Exercise requirements → Begin at the top of the records below and return each line exactly through the line with "pe ns io n.". Skip pictures.

The data →
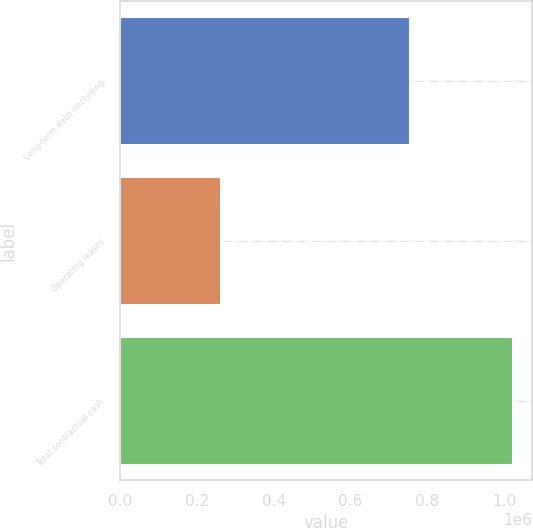Convert chart to OTSL. <chart><loc_0><loc_0><loc_500><loc_500><bar_chart><fcel>Long-term debt (including<fcel>Operating leases<fcel>Total contractual cash<nl><fcel>755156<fcel>262793<fcel>1.02229e+06<nl></chart> 
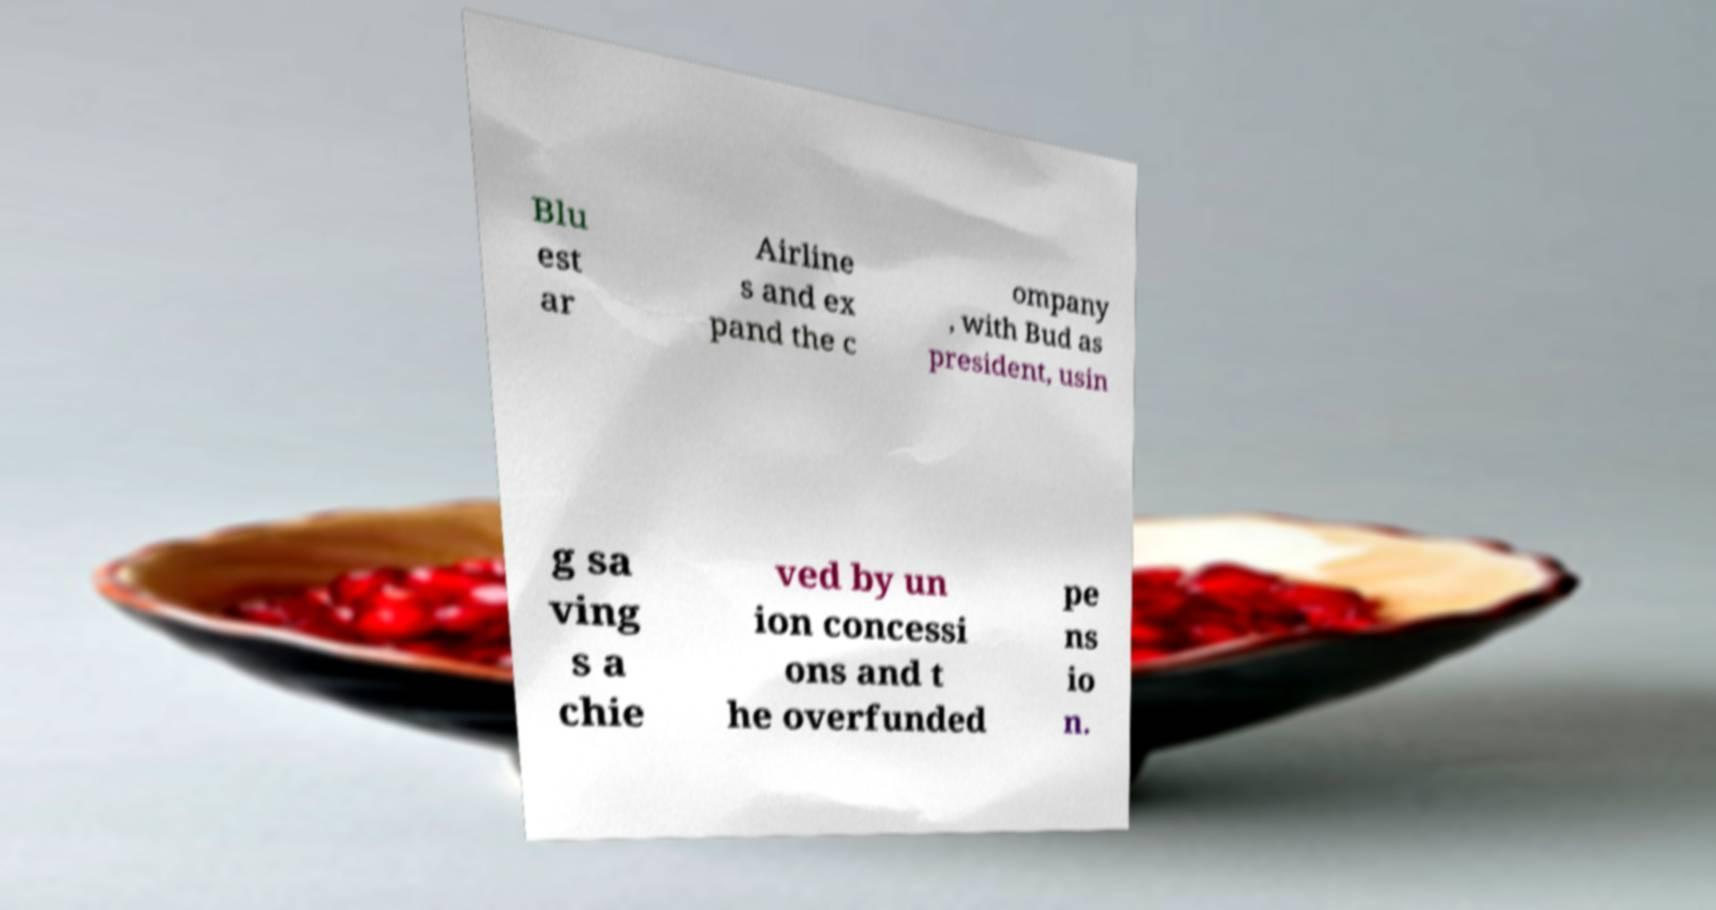Could you assist in decoding the text presented in this image and type it out clearly? Blu est ar Airline s and ex pand the c ompany , with Bud as president, usin g sa ving s a chie ved by un ion concessi ons and t he overfunded pe ns io n. 
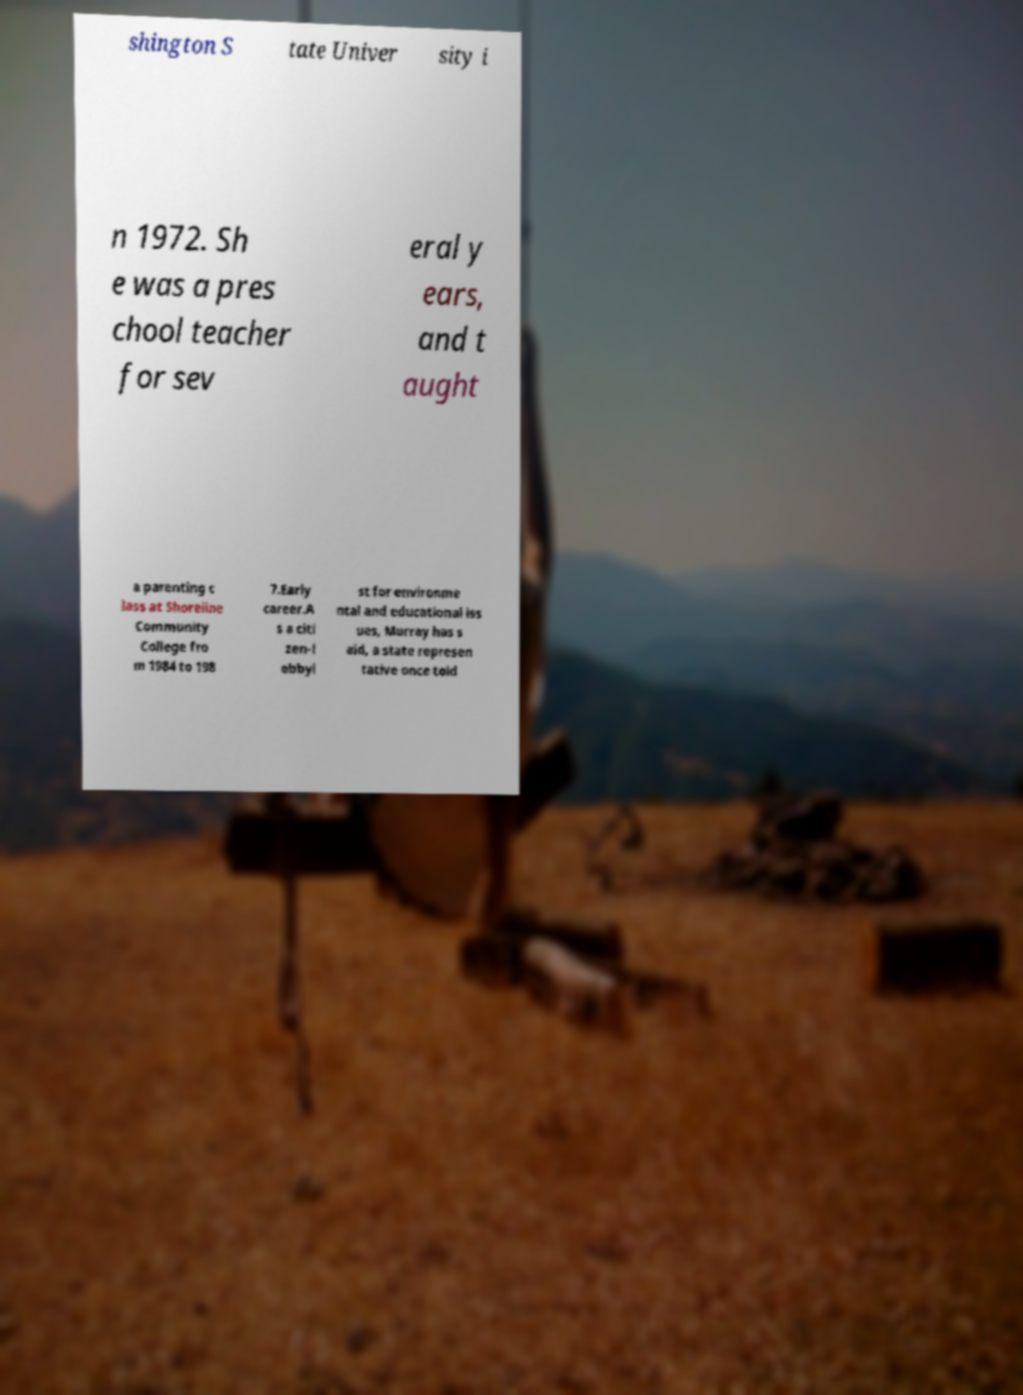Could you assist in decoding the text presented in this image and type it out clearly? shington S tate Univer sity i n 1972. Sh e was a pres chool teacher for sev eral y ears, and t aught a parenting c lass at Shoreline Community College fro m 1984 to 198 7.Early career.A s a citi zen-l obbyi st for environme ntal and educational iss ues, Murray has s aid, a state represen tative once told 
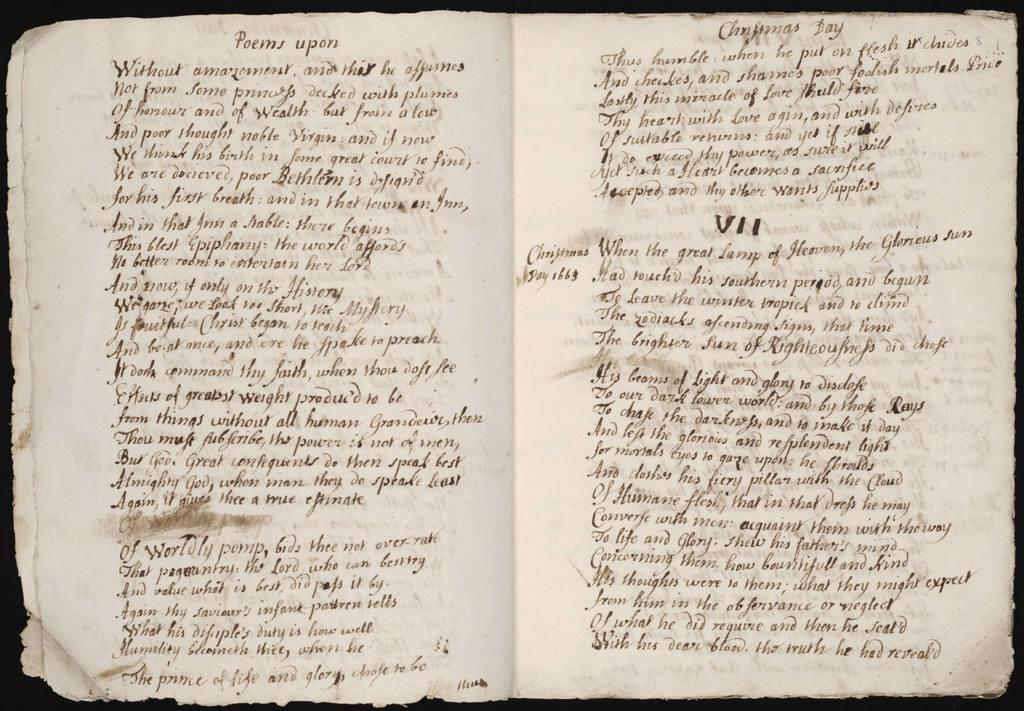<image>
Present a compact description of the photo's key features. An antique book is opened to section VII. 
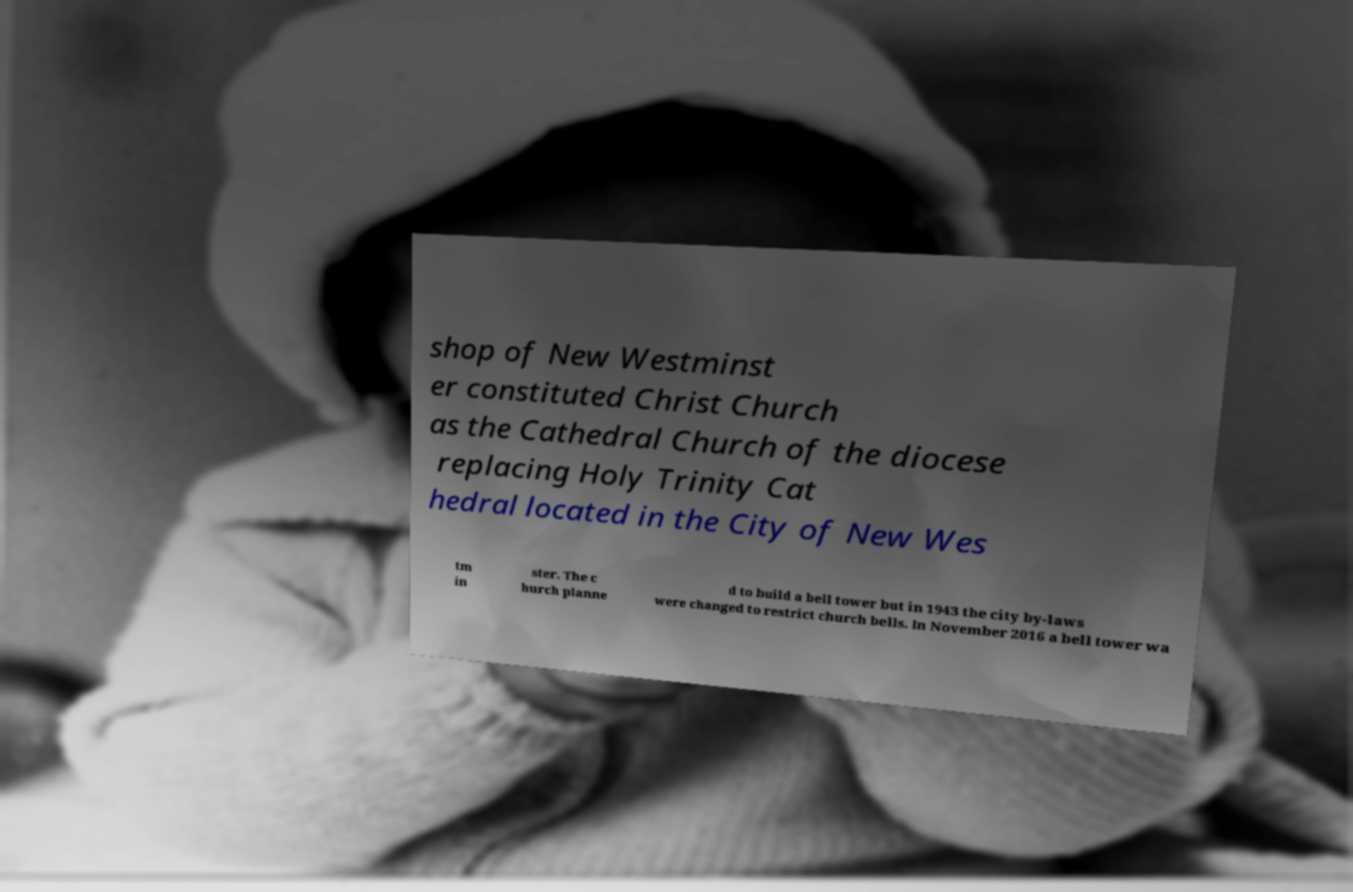Can you accurately transcribe the text from the provided image for me? shop of New Westminst er constituted Christ Church as the Cathedral Church of the diocese replacing Holy Trinity Cat hedral located in the City of New Wes tm in ster. The c hurch planne d to build a bell tower but in 1943 the city by-laws were changed to restrict church bells. In November 2016 a bell tower wa

Solution →
Convert chart to OTSL. <chart><loc_0><loc_0><loc_500><loc_500><bar_chart><fcel>Long-term debt (including<fcel>Operating leases<fcel>Total contractual cash<nl><fcel>755156<fcel>262793<fcel>1.02229e+06<nl></chart> 
Could you assist in decoding the text presented in this image and type it out clearly? Blu est ar Airline s and ex pand the c ompany , with Bud as president, usin g sa ving s a chie ved by un ion concessi ons and t he overfunded pe ns io n. 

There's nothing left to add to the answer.